Ben’s Tech Blog

I re-installed Vista on my laptop a few days ago and since rebuilding I haven’t been able to download the latest version of messenger - It always comes up with “page cannot be displayed”. I tried a lot of different things but still couldn’t download it. In the end I managed to download MSN Messenger 7.5 and then upgrade by logging into my machine as an administrator and logging into MSN messenger. When logging in it asked me if I wanted to upgrade - It then downloaded the latest version successfully. I’m still not sure why I couldn’t download it directly from the webiste but the main thing is that I’ve got it installed now. I thought I’d post this in case it helps anyone else.

When you connect to a resource on another machine and supply a username/password, you are given the option to “save password”. It took me a little while to find where these credentials are stored in Windows XP, so I thought I’d share it with you.

The process is slightly different depending on whether or not the logged on user has local admin rights.

Viewing cached credentials – with Admin rights

Viewing cached credentials – without Admin rights

In either case, you will be presented with the following box that allows you to add, remove or modify cached credentials.

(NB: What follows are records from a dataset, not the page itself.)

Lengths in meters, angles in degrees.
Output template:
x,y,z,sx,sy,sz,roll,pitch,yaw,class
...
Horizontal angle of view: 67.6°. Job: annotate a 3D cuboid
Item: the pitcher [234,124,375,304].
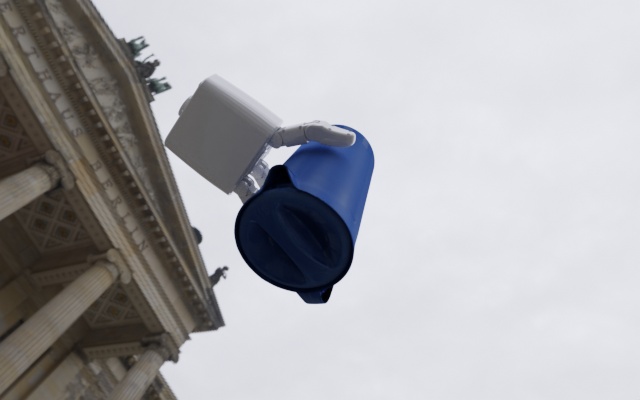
x,y,z,sx,sy,sz,roll,pitch,yaw,class
0.000,0.002,0.607,0.145,0.149,0.242,34,32,-3,pitcher
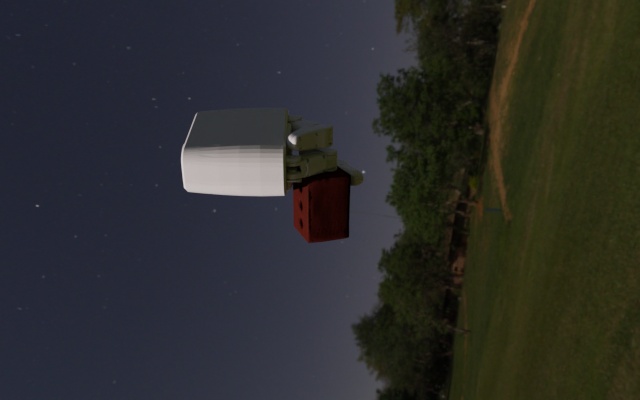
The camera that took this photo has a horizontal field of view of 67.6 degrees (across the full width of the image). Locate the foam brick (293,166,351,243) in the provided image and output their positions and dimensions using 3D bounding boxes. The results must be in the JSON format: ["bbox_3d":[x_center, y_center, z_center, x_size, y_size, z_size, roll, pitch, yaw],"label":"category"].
[{"bbox_3d":[0.000,0.002,0.546,0.051,0.078,0.053,-9,23,-22],"label":"foam brick"}]
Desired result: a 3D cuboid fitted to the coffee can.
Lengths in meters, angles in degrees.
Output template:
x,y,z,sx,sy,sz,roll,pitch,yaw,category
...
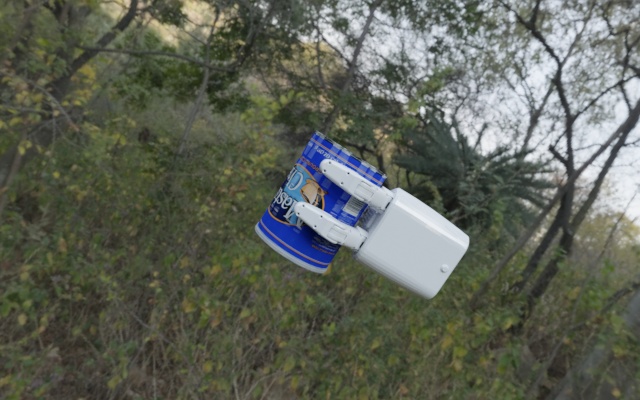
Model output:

One of the issues that I’ve come across at various times in the past is that you can only authenticate to a machine with a single set of credentials. In other words, if you map a drive to \\server1\share1 as UserA, then you cannot map a drive to \\server1\share2 as UserB. You need to use a single user account that has access to both shares.

A while back we needed users to access resources on a server in an untrusted domain (in other words, there was no trust relationship between the two domains/forests). Because the server was in and untrusted domain, users were prompted for a username and password when they tried to access an application stored on the server. We created a generic account in the destination domain so that users could connect to the server and access the application. However, the server was also a file server, and some users needed to access another share with a specific user account that the generic account didn’t have access to. The problem was that the users had already connected to the server with the generic account and had saved the password. This is where being able to remove the saved credentials came in handy. Once we removed the cached credentials of the generic account, we could then have users connect to the server with the specific account and access both the application and the data share.

As a network admin, I’m often handed software and asked to deploy it for a bunch of users. In a lot of cases the software is provided by a supplier or customer and in some cases is used to connect to their server over the internet. I’m amazed at how much of this software is, in my opinion, poorly written. Here are a few things that make me cringe, and often give me a headache.

Local admin rights

Running as a non-admin is obviously a best practice security measure, but a lot of developers make it difficult to put it into practice. When we went through the process of removing local admin rights from users, we ended up with a fairly long list of software that wouldn’t work without admin rights. To get around this, we used the Sysinternals Regmon and Filemon utilities to find out which registry and file system objects were giving us “access denied” errors. After identifying these, we were able to modify the object’s permissions to give the local users group the required access.

I come across a lot of software that doesn’t work without elevated user privileges, and I often have to go the same process as above to get them to work under an ordinary user account.

No Proxy support

We are running several pieces of software that cannot be natively proxied. By that I mean that they need to connect to servers using ports that are not sent to a proxy server, even if one is specified in IE. Sometimes we are able to get around this by installing the Microsoft Firewall Client (an ISA feature), but at the moment I am testing software for users who are required to use a Squid proxy, and I’m not aware of any equivalent solution.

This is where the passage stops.